Destaques, Notícias Publicado: 1/09/2016 | 11:00

NOTA: CSPB discute projetos utilizados como justificativa para corte de direitos trabalhistas

Organizada e convocada pela Auditoria Cidadã da Dívida, reunião debate análise de conjuntura; articulação para barrar o PLS 204/2016 e demais projetos que aniquilam arcabouço de leis de proteção ao conjunto da classe trabalhadora, tanto do setor público, como do setor privado. 


Danielle Jansen e Marly Bertolino, representantantes da Secretaria Geral da CSPB



A Confederação dos Servidores Públicos do Brasil – CSPB participou, nesta quinta-feira (01/09), de reunião do Conselho Político da Auditoria Cidadã da Dívida que discutiu projetos utilizados como justificativa para corte de direitos trabalhistas. O encontro, que está sendo realizado no edifício sede da OAB, em Brasília, debate análise de conjuntura; articulação para barrar o PLS 204/2016 e demais projetos que aniquilam arcabouço de leis de proteção ao conjunto da classe trabalhadora, tanto do setor público, como do setor privado.
 
A reunião segue discutindo dois pontos centrais: a utilização da dívida pública como justificativa para corte de direitos sociais inseridos nos projetos PLP 257/2016, PEC 241/2016 (que congela gastos sociais por 20 anos!), PEC 143/2015, PEC 31/2016, LDO 2017, entre outros; bem como a “necessária” articulação política para barrar o PLS 204/2016, que visa “legalizar” esquema de geração de dívida pública que já se encontra em funcionamento em diversos estados e municípios brasileiros.

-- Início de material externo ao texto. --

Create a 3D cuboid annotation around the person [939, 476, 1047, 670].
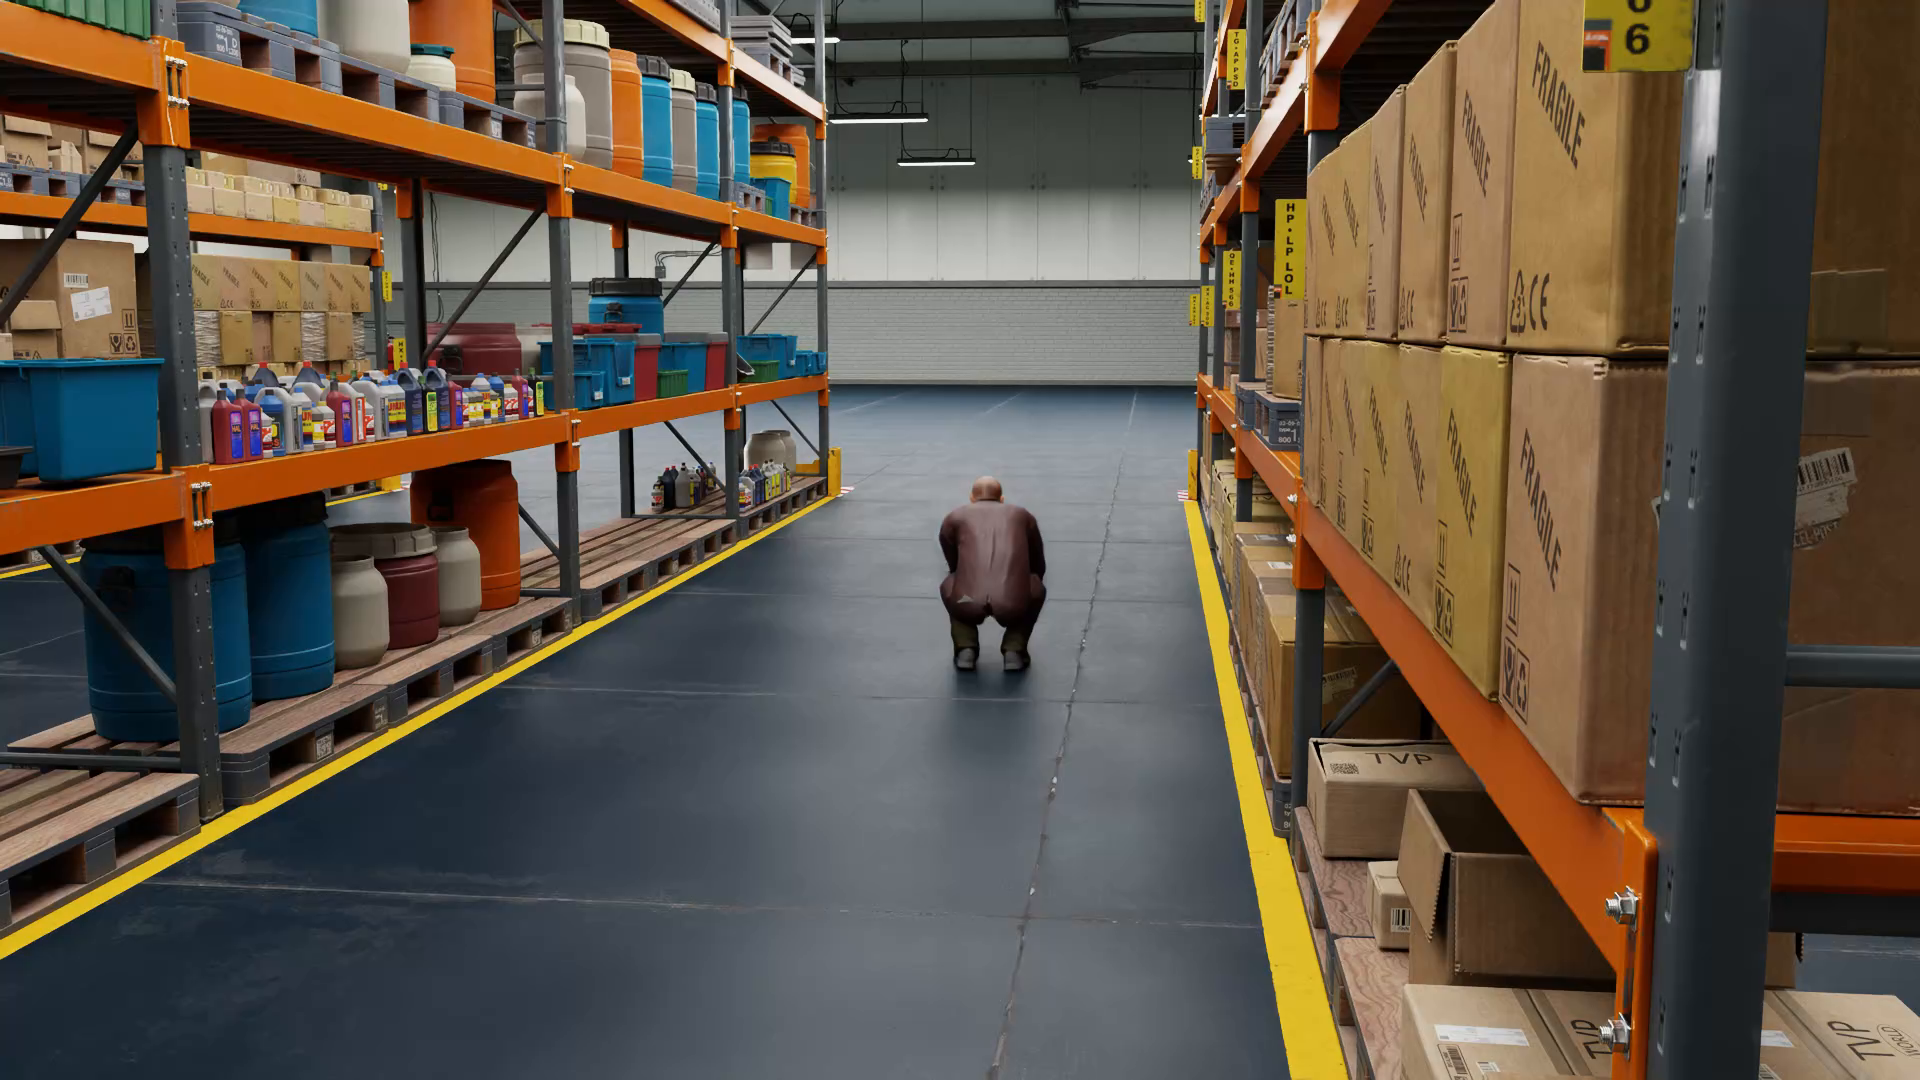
[{"bbox_3d":[0.178,0.167,9.103,0.599,0.997,0.901,1,7,6],"label":"person"}]

Especialistas denunciam que o esquema conta com a criação de empresas estatais não dependentes, a exemplo da PBH Ativos S/A em Belo Horizonte e a CPSEC em São Paulo.
 
“Não aceitaremos qualquer tipo de retrocesso. O governo dispõe de inúmeros outros mecanismos para sanar as contas públicas e interromper o perverso ajuste fiscal em curso. Não faltam alternativas. De imediato, temos R$ 252 bilhões da dívida ativa da União que já transitaram em julgado. É só ir lá resgatar o valor devido, não cabe mais recursos judiciais em contrário. Este valor é muito maior que o déficit fiscal do ano passado e o deste ano também. Portanto, é inadmissível, a partir dessa constatação, que o governo continue promovendo o desmonte do estado brasileiro e aniquilando direitos trabalhistas e sociais sob o pretexto de sanar a saúde fiscal do país. Precisamos, além disso, promover uma auditoria da dívida pública da União com seus credores; e dos estados com a União. O comportamento de agiotagem desses entes é inaceitável. Aprimorar os instrumentos de combate à sonegação fiscal é outro caminho a ser perseguido. Enfim, há muitas soluções para o Brasil sair da crise que atravessa. Vamos exigir dos nossos gestores o compromisso com uma verdadeira agenda de desenvolvimento nacional. Caso contrário, a greve geral ganha, a cada dia, corpo e forma. Iremos combater o bom combate, em defesa do serviço público, mas, acima de tudo, em defesa da sociedade brasileira”, alertou a 2º secretária da CSPB, Marly Bertolino.